Top of Provided data

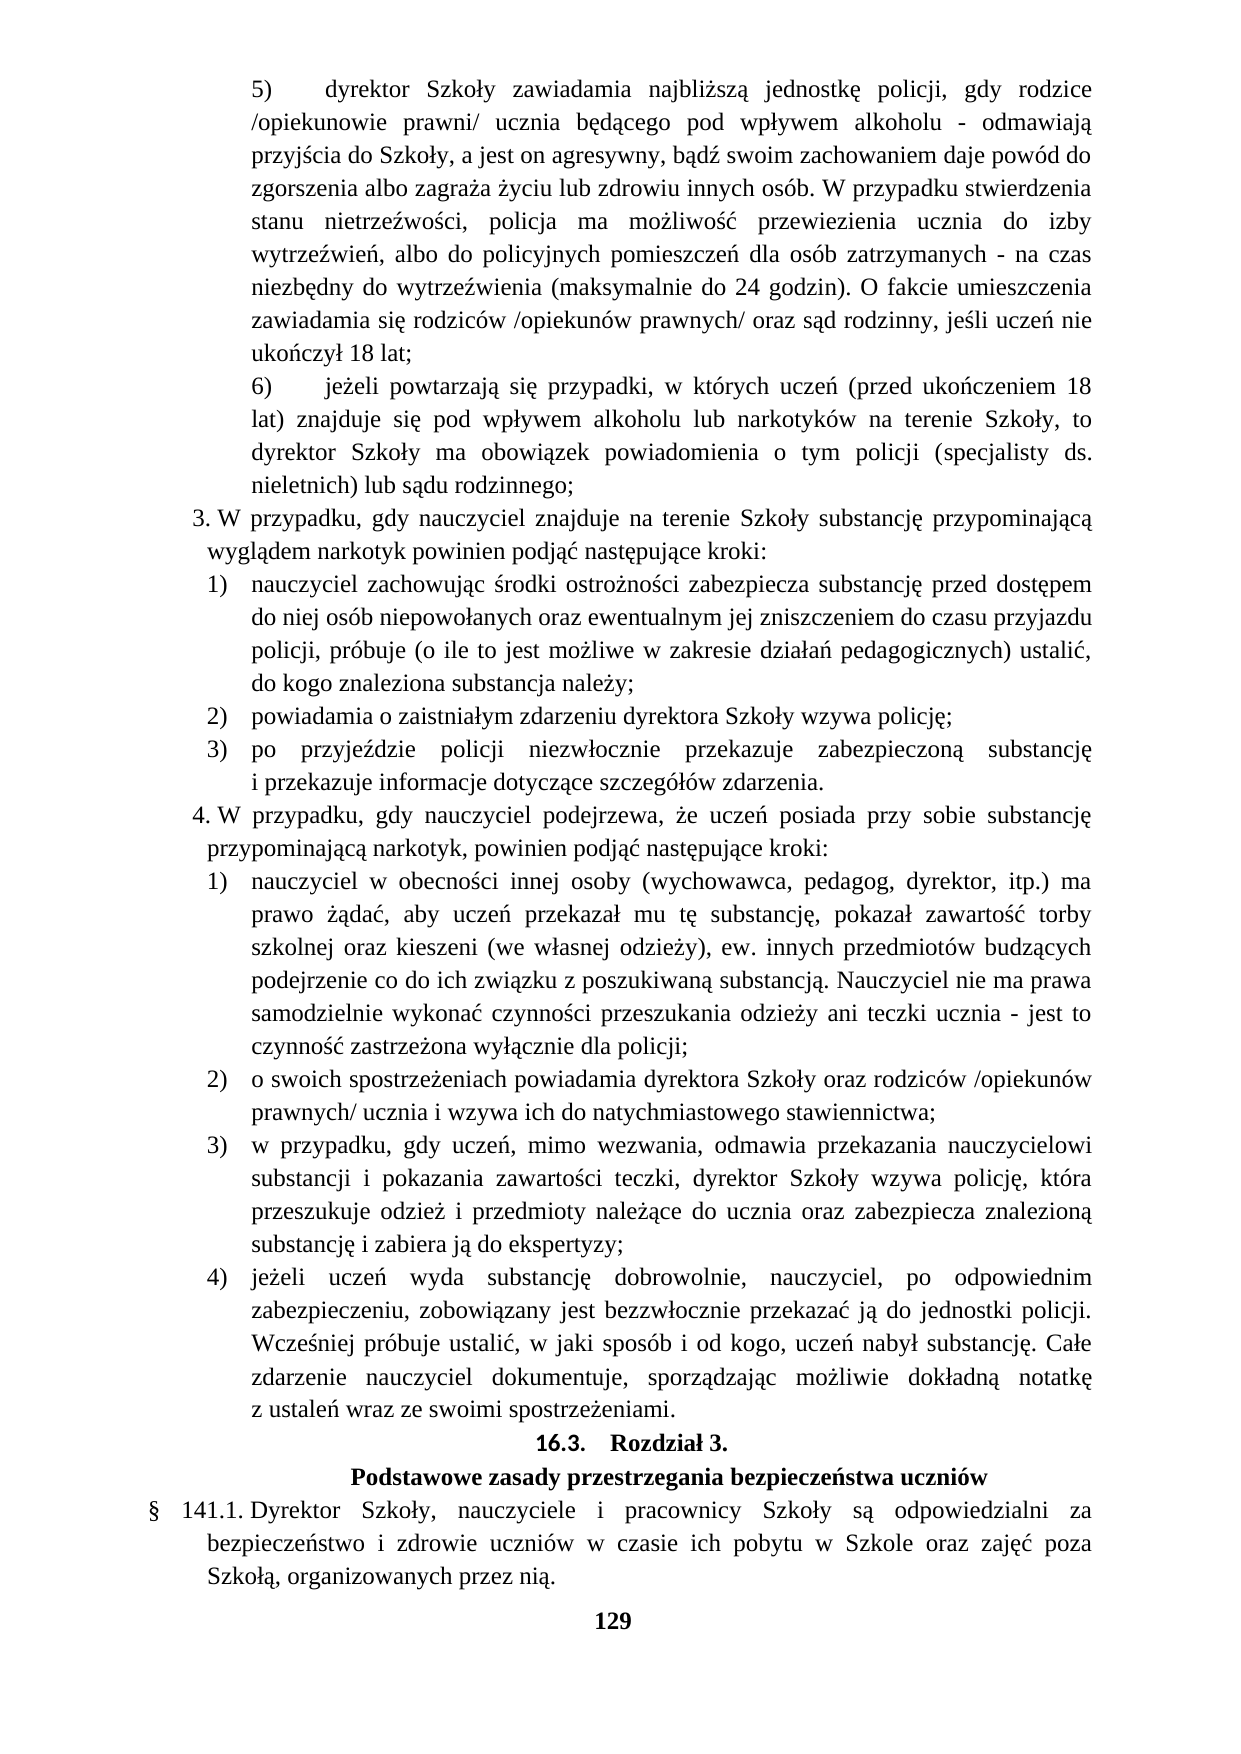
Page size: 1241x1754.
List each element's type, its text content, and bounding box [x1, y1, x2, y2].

list dyrektor Szkoły zawiadamia najbliższą jednostkę policji, gdy rodzice /opiekunowie prawni/ ucznia będącego pod wpływem alkoholu - odmawiają przyjścia do Szkoły, a jest on agresywny, bądź swoim zachowaniem daje powód do zgorszenia albo zagraża życiu lub zdrowiu innych osób. W przypadku stwierdzenia stanu nietrzeźwości, policja ma możliwość przewiezienia ucznia do izby wytrzeźwień, albo do policyjnych pomieszczeń dla osób zatrzymanych - na czas niezbędny do wytrzeźwienia (maksymalnie do 24 godzin). O fakcie umieszczenia zawiadamia się rodziców /opiekunów prawnych/ oraz sąd rodzinny, jeśli uczeń nie ukończył 18 lat; [251, 74, 1093, 367]
subtitle Rozdział 3. Podstawowe zasady przestrzegania bezpieczeństwa uczniów [170, 1428, 1093, 1491]
list jeżeli powtarzają się przypadki, w których uczeń (przed ukończeniem 18 lat) znajduje się pod wpływem alkoholu lub narkotyków na terenie Szkoły, to dyrektor Szkoły ma obowiązek powiadomienia o tym policji (specjalisty ds. nieletnich) lub sądu rodzinnego; [251, 371, 1093, 499]
list W przypadku, gdy nauczyciel znajduje na terenie Szkoły substancję przypominającą wyglądem narkotyk powinien podjąć następujące kroki: [192, 503, 1093, 565]
list nauczyciel w obecności innej osoby (wychowawca, pedagog, dyrektor, itp.) ma prawo żądać, aby uczeń przekazał mu tę substancję, pokazał zawartość torby szkolnej oraz kieszeni (we własnej odzieży), ew. innych przedmiotów budzących podejrzenie co do ich związku z poszukiwaną substancją. Nauczyciel nie ma prawa samodzielnie wykonać czynności przeszukania odzieży ani teczki ucznia - jest to czynność zastrzeżona wyłącznie dla policji; [207, 866, 1093, 1060]
list powiadamia o zaistniałym zdarzeniu dyrektora Szkoły wzywa policję; [207, 701, 1093, 730]
list o swoich spostrzeżeniach powiadamia dyrektora Szkoły oraz rodziców /opiekunów prawnych/ ucznia i wzywa ich do natychmiastowego stawiennictwa; [207, 1064, 1093, 1126]
list jeżeli uczeń wyda substancję dobrowolnie, nauczyciel, po odpowiednim zabezpieczeniu, zobowiązany jest bezzwłocznie przekazać ją do jednostki policji. Wcześniej próbuje ustalić, w jaki sposób i od kogo, uczeń nabył substancję. Całe zdarzenie nauczyciel dokumentuje, sporządzając możliwie dokładną notatkę z ustaleń wraz ze swoimi spostrzeżeniami. [207, 1262, 1093, 1423]
list W przypadku, gdy nauczyciel podejrzewa, że uczeń posiada przy sobie substancję przypominającą narkotyk, powinien podjąć następujące kroki: [192, 800, 1093, 862]
list po przyjeździe policji niezwłocznie przekazuje zabezpieczoną substancję i przekazuje informacje dotyczące szczegółów zdarzenia. [207, 734, 1093, 796]
list nauczyciel zachowując środki ostrożności zabezpiecza substancję przed dostępem do niej osób niepowołanych oraz ewentualnym jej zniszczeniem do czasu przyjazdu policji, próbuje (o ile to jest możliwe w zakresie działań pedagogicznych) ustalić, do kogo znaleziona substancja należy; [207, 569, 1093, 697]
text § 141.1. Dyrektor Szkoły, nauczyciele i pracownicy Szkoły są odpowiedzialni za bezpieczeństwo i zdrowie uczniów w czasie ich pobytu w Szkole oraz zajęć poza Szkołą, organizowanych przez nią. [148, 1495, 1093, 1590]
list w przypadku, gdy uczeń, mimo wezwania, odmawia przekazania nauczycielowi substancji i pokazania zawartości teczki, dyrektor Szkoły wzywa policję, która przeszukuje odzież i przedmioty należące do ucznia oraz zabezpiecza znalezioną substancję i zabiera ją do ekspertyzy; [207, 1130, 1093, 1258]
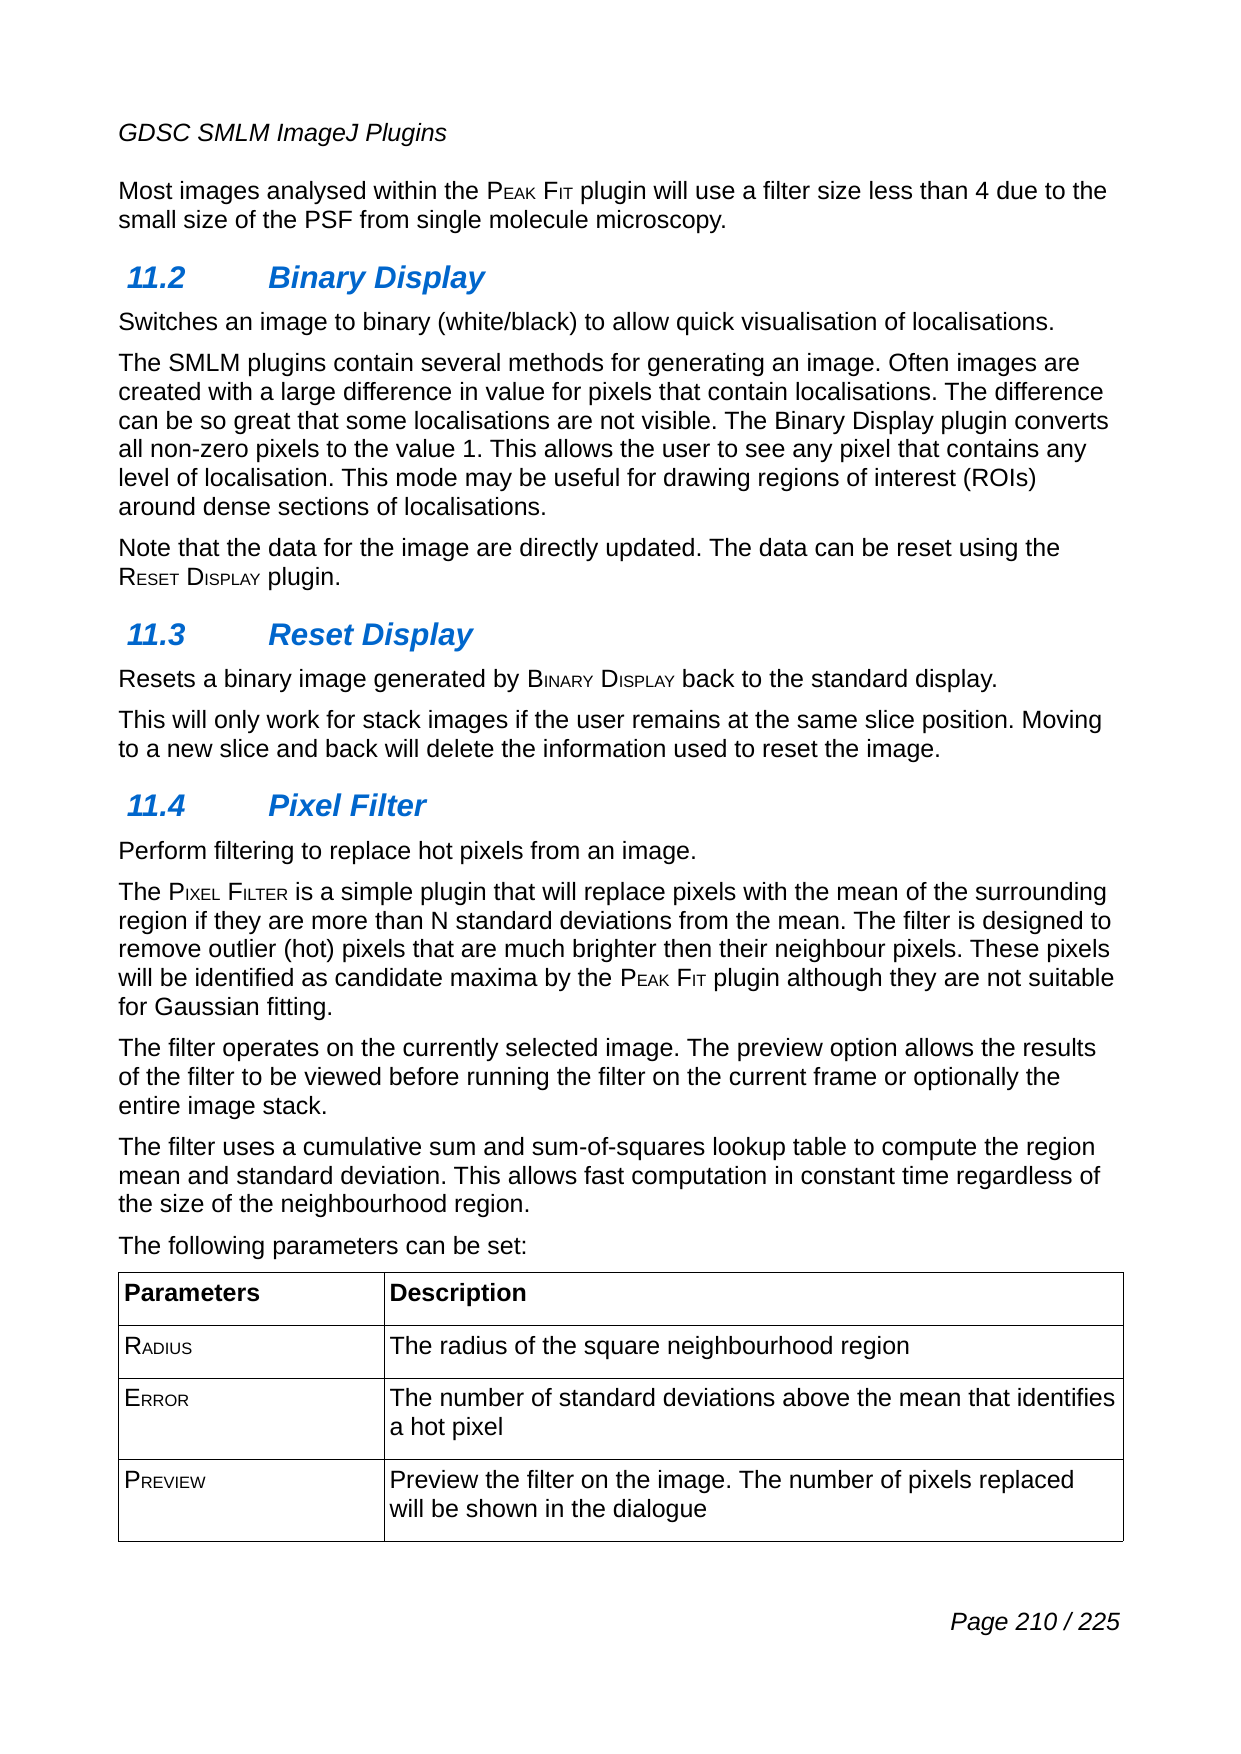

Bottom of Provided data

Exercise details |
Each line above must be set down exactly, though no picture should be carried over.

Answer |
Page size: 1241x1754.
List each element's type, its text content, and bounding box [x1, y1, x2, y2].

list dyrektor Szkoły zawiadamia najbliższą jednostkę policji, gdy rodzice /opiekunowie prawni/ ucznia będącego pod wpływem alkoholu - odmawiają przyjścia do Szkoły, a jest on agresywny, bądź swoim zachowaniem daje powód do zgorszenia albo zagraża życiu lub zdrowiu innych osób. W przypadku stwierdzenia stanu nietrzeźwości, policja ma możliwość przewiezienia ucznia do izby wytrzeźwień, albo do policyjnych pomieszczeń dla osób zatrzymanych - na czas niezbędny do wytrzeźwienia (maksymalnie do 24 godzin). O fakcie umieszczenia zawiadamia się rodziców /opiekunów prawnych/ oraz sąd rodzinny, jeśli uczeń nie ukończył 18 lat; [251, 74, 1093, 367]
subtitle Rozdział 3. Podstawowe zasady przestrzegania bezpieczeństwa uczniów [170, 1428, 1093, 1491]
list jeżeli powtarzają się przypadki, w których uczeń (przed ukończeniem 18 lat) znajduje się pod wpływem alkoholu lub narkotyków na terenie Szkoły, to dyrektor Szkoły ma obowiązek powiadomienia o tym policji (specjalisty ds. nieletnich) lub sądu rodzinnego; [251, 371, 1093, 499]
list W przypadku, gdy nauczyciel znajduje na terenie Szkoły substancję przypominającą wyglądem narkotyk powinien podjąć następujące kroki: [192, 503, 1093, 565]
list nauczyciel w obecności innej osoby (wychowawca, pedagog, dyrektor, itp.) ma prawo żądać, aby uczeń przekazał mu tę substancję, pokazał zawartość torby szkolnej oraz kieszeni (we własnej odzieży), ew. innych przedmiotów budzących podejrzenie co do ich związku z poszukiwaną substancją. Nauczyciel nie ma prawa samodzielnie wykonać czynności przeszukania odzieży ani teczki ucznia - jest to czynność zastrzeżona wyłącznie dla policji; [207, 866, 1093, 1060]
list powiadamia o zaistniałym zdarzeniu dyrektora Szkoły wzywa policję; [207, 701, 1093, 730]
list o swoich spostrzeżeniach powiadamia dyrektora Szkoły oraz rodziców /opiekunów prawnych/ ucznia i wzywa ich do natychmiastowego stawiennictwa; [207, 1064, 1093, 1126]
list jeżeli uczeń wyda substancję dobrowolnie, nauczyciel, po odpowiednim zabezpieczeniu, zobowiązany jest bezzwłocznie przekazać ją do jednostki policji. Wcześniej próbuje ustalić, w jaki sposób i od kogo, uczeń nabył substancję. Całe zdarzenie nauczyciel dokumentuje, sporządzając możliwie dokładną notatkę z ustaleń wraz ze swoimi spostrzeżeniami. [207, 1262, 1093, 1423]
list W przypadku, gdy nauczyciel podejrzewa, że uczeń posiada przy sobie substancję przypominającą narkotyk, powinien podjąć następujące kroki: [192, 800, 1093, 862]
list po przyjeździe policji niezwłocznie przekazuje zabezpieczoną substancję i przekazuje informacje dotyczące szczegółów zdarzenia. [207, 734, 1093, 796]
list nauczyciel zachowując środki ostrożności zabezpiecza substancję przed dostępem do niej osób niepowołanych oraz ewentualnym jej zniszczeniem do czasu przyjazdu policji, próbuje (o ile to jest możliwe w zakresie działań pedagogicznych) ustalić, do kogo znaleziona substancja należy; [207, 569, 1093, 697]
text § 141.1. Dyrektor Szkoły, nauczyciele i pracownicy Szkoły są odpowiedzialni za bezpieczeństwo i zdrowie uczniów w czasie ich pobytu w Szkole oraz zajęć poza Szkołą, organizowanych przez nią. [148, 1495, 1093, 1590]
list w przypadku, gdy uczeń, mimo wezwania, odmawia przekazania nauczycielowi substancji i pokazania zawartości teczki, dyrektor Szkoły wzywa policję, która przeszukuje odzież i przedmioty należące do ucznia oraz zabezpiecza znalezioną substancję i zabiera ją do ekspertyzy; [207, 1130, 1093, 1258]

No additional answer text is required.